Akbar Tanjung kemudian membawakan satu ‘tema’ baru yang disebut ‘Paradigma Baru Golkar’ yang untuk sejenak bisa meredakan serangan kelompok politik lain atas nama reformasi. Namun bersamaan dengan itu, Akbar Tanjung juga membawa serta ke dalam tubuh Golkar kelompok-kelompok eks tokoh dan anggota HMI serta unsur ICMI (atas kemauan Habibie) untuk menduduki posisi-posisi strategis diberbagai tingkat kepengurusan.

Secara umum pembawaan dan perilaku serta persepsi politik para eks HMI ini adalah asing bagi karakter dan idealisme dasar Golkar sejak mula. Golkar menjadi ibarat cangkang siput yang kemudian diisi dengan species baru. Bagi kebanyakan pendukung tradisional Golkar –kalau memang bisa dikatakan demikian– adalah canggung untuk tiba-tiba dipimpin oleh orang-orang yang relatif tergolong baru dan hanya selang beberapa tahun sebelumnya ada di luar Golkar dengan membawakan suara-suara yang sangat anti  Golkar dengan nada penuh hujatan.

Bahwa Partai Golkar di bawah Akbar Tanjung masih bisa meraih suara di atas 20 persen dan memperoleh 120 dari 496 kursi DPR-RI, itu pun tak terlepas dari faktor masih ditopangnya Golkar oleh unsur birokrasi pemerintahan Presiden Habibie. Dengan topangan kekuasaan saja, perolehan suara Golkar bisa begitu mengecil dibandingkan sebelumnya.

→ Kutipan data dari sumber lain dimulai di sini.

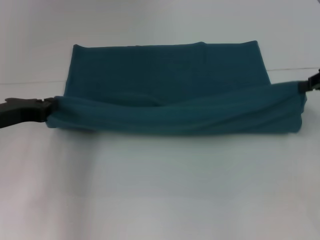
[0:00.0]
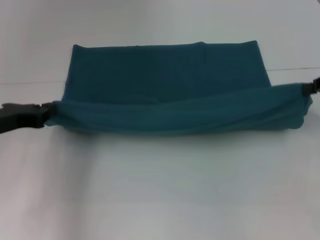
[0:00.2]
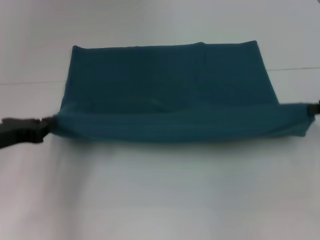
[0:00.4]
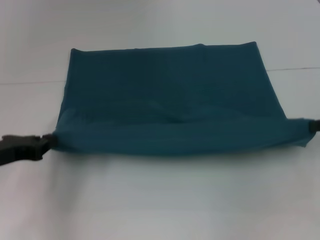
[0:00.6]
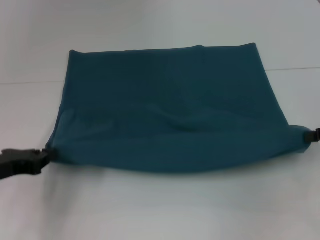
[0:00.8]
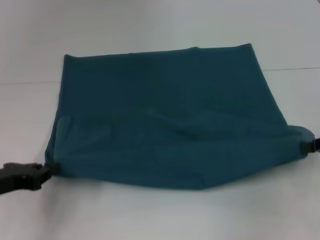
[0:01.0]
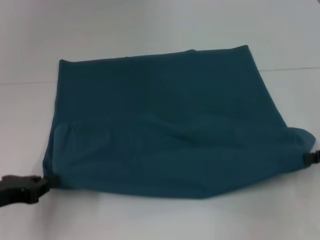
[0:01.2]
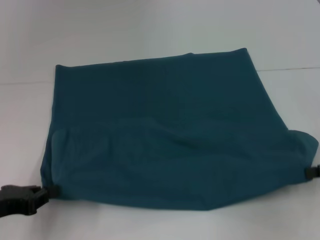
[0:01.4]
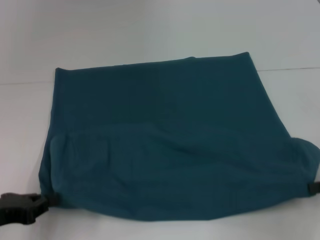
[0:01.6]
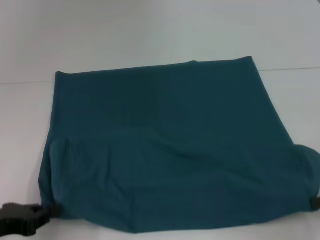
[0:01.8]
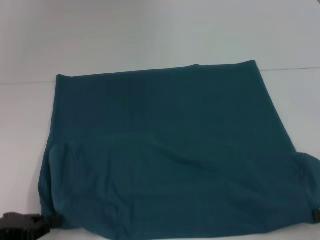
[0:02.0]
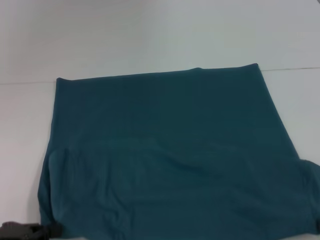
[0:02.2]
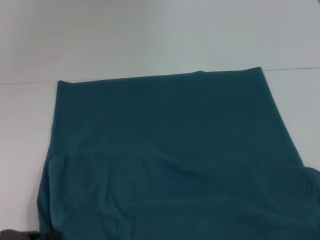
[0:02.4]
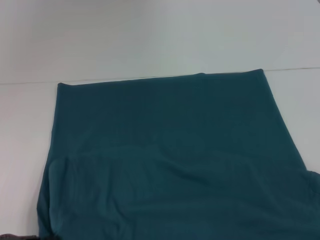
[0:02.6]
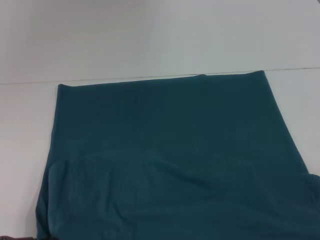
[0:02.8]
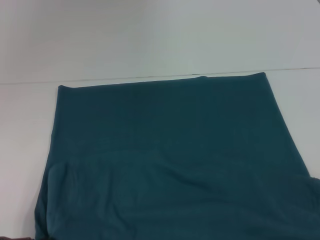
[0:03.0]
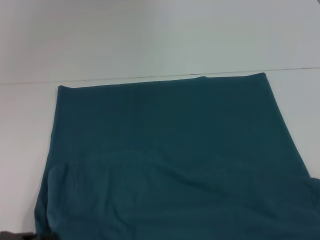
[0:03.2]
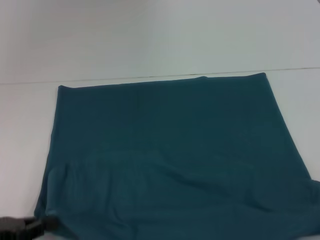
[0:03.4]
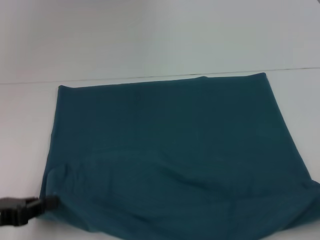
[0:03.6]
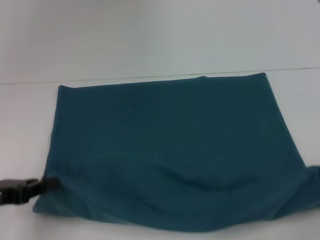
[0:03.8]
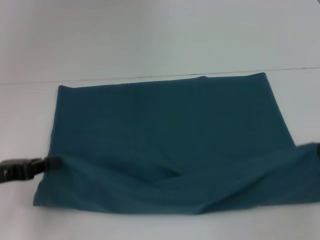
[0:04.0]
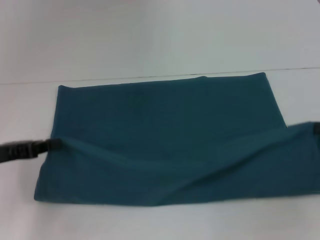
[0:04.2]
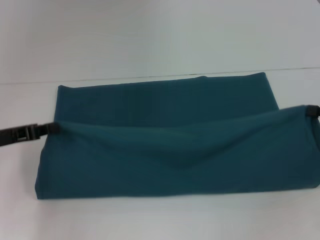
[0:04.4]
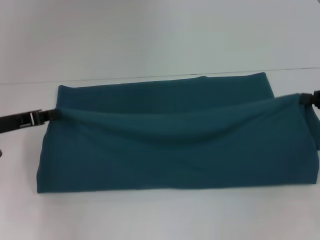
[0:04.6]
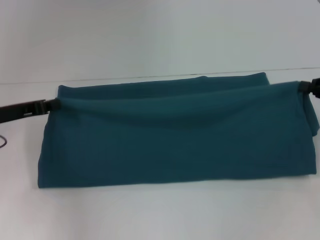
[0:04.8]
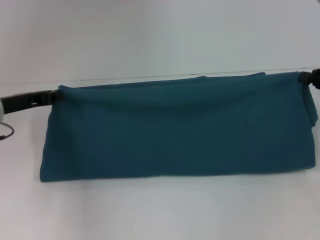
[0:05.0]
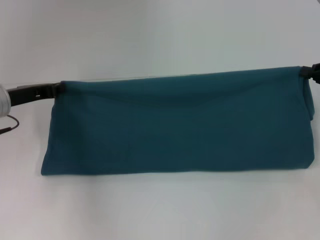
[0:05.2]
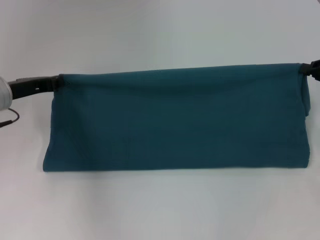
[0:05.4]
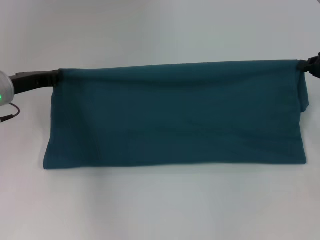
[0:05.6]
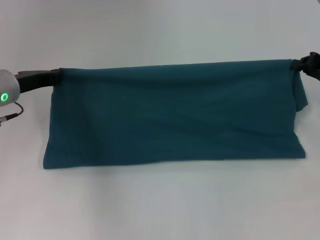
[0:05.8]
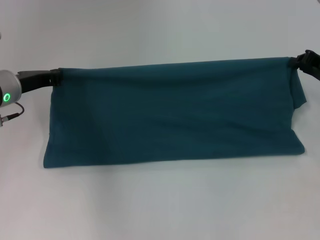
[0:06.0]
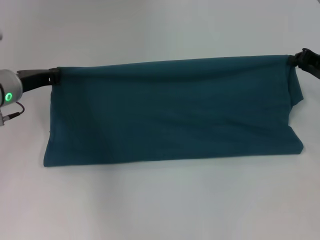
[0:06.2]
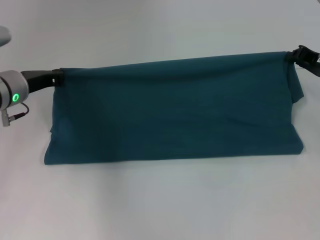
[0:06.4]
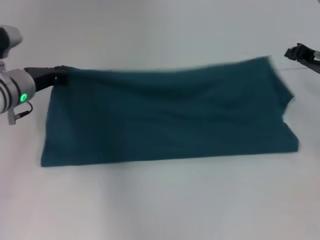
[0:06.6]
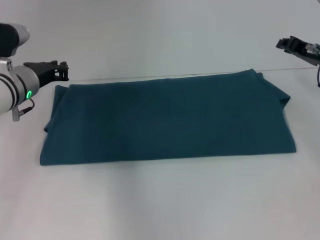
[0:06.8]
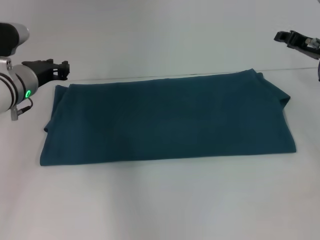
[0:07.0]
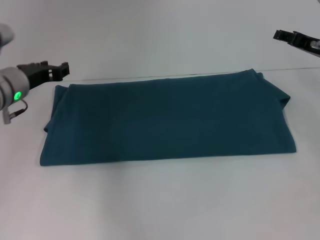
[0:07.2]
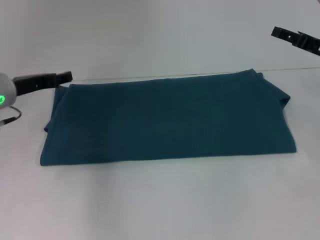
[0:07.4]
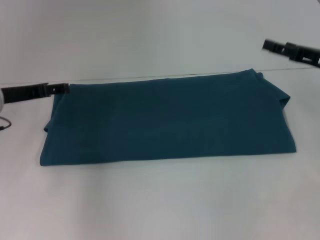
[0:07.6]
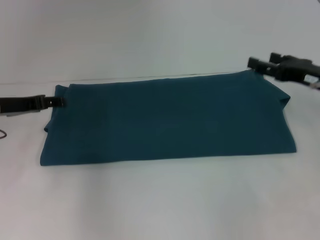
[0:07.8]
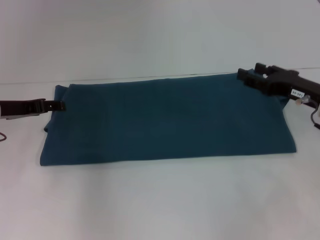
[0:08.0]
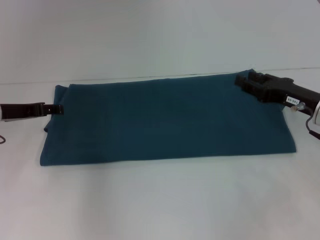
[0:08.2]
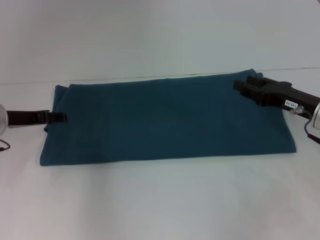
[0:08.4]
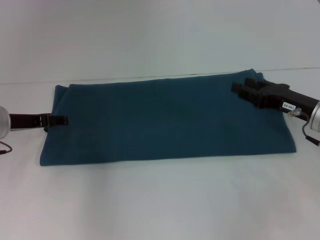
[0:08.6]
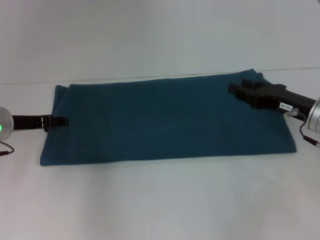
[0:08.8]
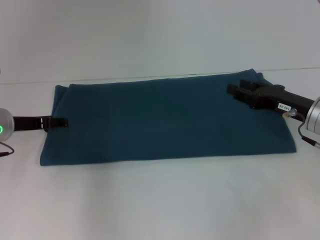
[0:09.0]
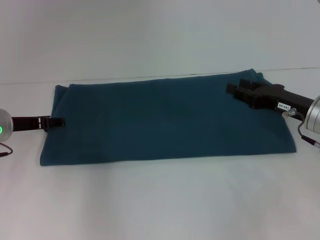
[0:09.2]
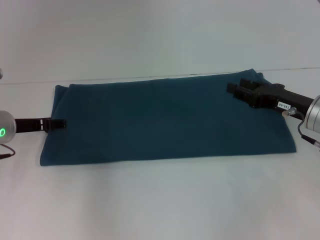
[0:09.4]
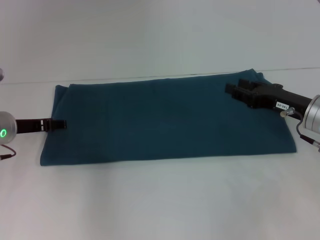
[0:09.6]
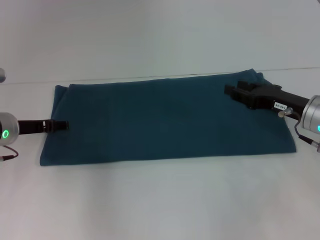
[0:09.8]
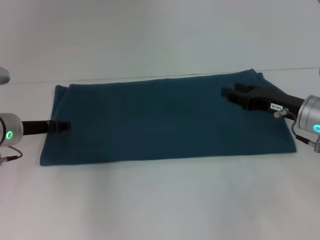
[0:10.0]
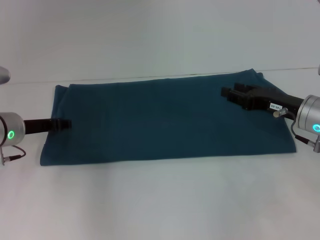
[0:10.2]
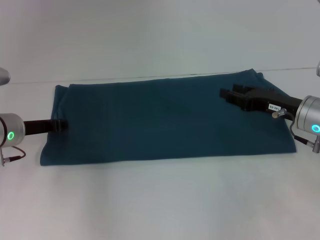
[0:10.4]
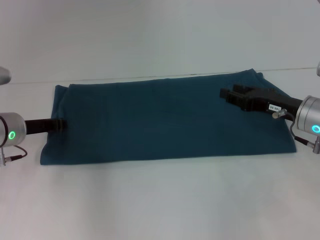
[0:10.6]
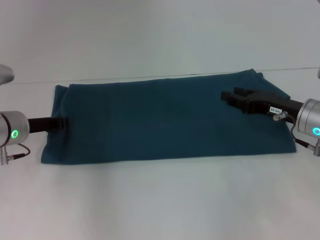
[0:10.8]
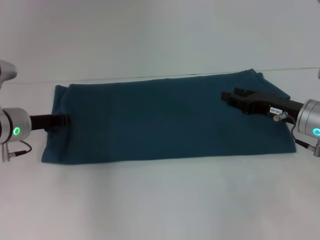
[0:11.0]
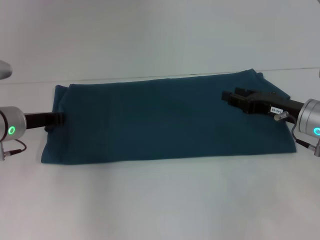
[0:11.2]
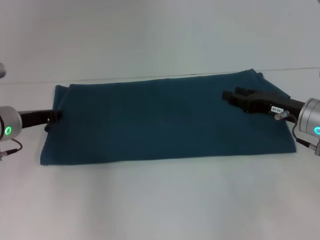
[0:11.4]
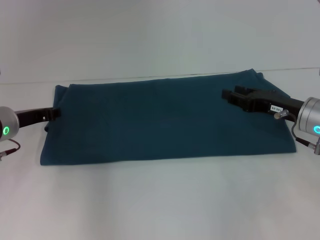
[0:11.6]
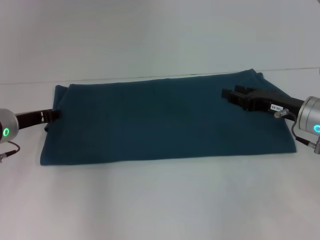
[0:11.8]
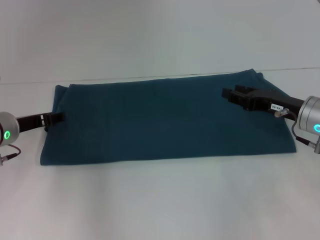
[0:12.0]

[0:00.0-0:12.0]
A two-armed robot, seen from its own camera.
Step, 0:00.0 to 0:02.8: Pull the clothes with your left hand.
Step, 0:00.0 to 0:02.8: Pull the clothes with your right hand.
Step, 0:03.0 to 0:07.4: Fold the clothes to the left.
Step, 0:03.0 to 0:07.4: Fold the clothes to the right.
0:00.0 to 0:01.6: The left gripper shifts about 10 cm backward, while the right gripper shifts about 15 cm backward and downward.
0:01.6 to 0:03.0: The right gripper goes approximately 10 cm backward. The left gripper is displaced backward by roughly 5 cm.
0:03.0 to 0:04.4: Both grippers travel together forward, approximately 15 cm.
0:04.4 to 0:06.0: The right gripper travels forward by approximately 10 cm; the left gripper is displaced forward and to the right by approximately 10 cm.
0:06.0 to 0:07.6: The right gripper opens its fingers. Meanwhile the left gripper opens up.
0:07.6 to 0:09.0: The right gripper is displaced downward and to the left by approximately 10 cm.
0:09.0 to 0:10.4: The left gripper closes up.
0:10.4 to 0:12.0: The left gripper closes, then reopens.

Bagaimana nantinya dalam Pemilihan Umum 2004 atau pemilu-pemilu berikutnya di masa datang dengan kecenderungan tanpa topangan birokrasi, terkecuali sisa-sisa Gubernur dan Bupati yang dikatakan ‘masih’ kader Golkar ? Belum lagi tumbuh berkembangnya kecenderungan yang amat pragmatis yang kadangkala amat opportunistik, bahwa Golkar –dan begitu pula partai-partai pada umumnya– hanya dijadikan sekedar kendaraan (sewaan) bagi mereka yang berambisi menjadi bupati atau gubernur di masa pasca Soeharto. Dan ketika sudah ada di kursi jabatan bisa saja melakukan akomodasi kepada pemegang hegemoni kekuasaan negara untuk keamanan posisinya.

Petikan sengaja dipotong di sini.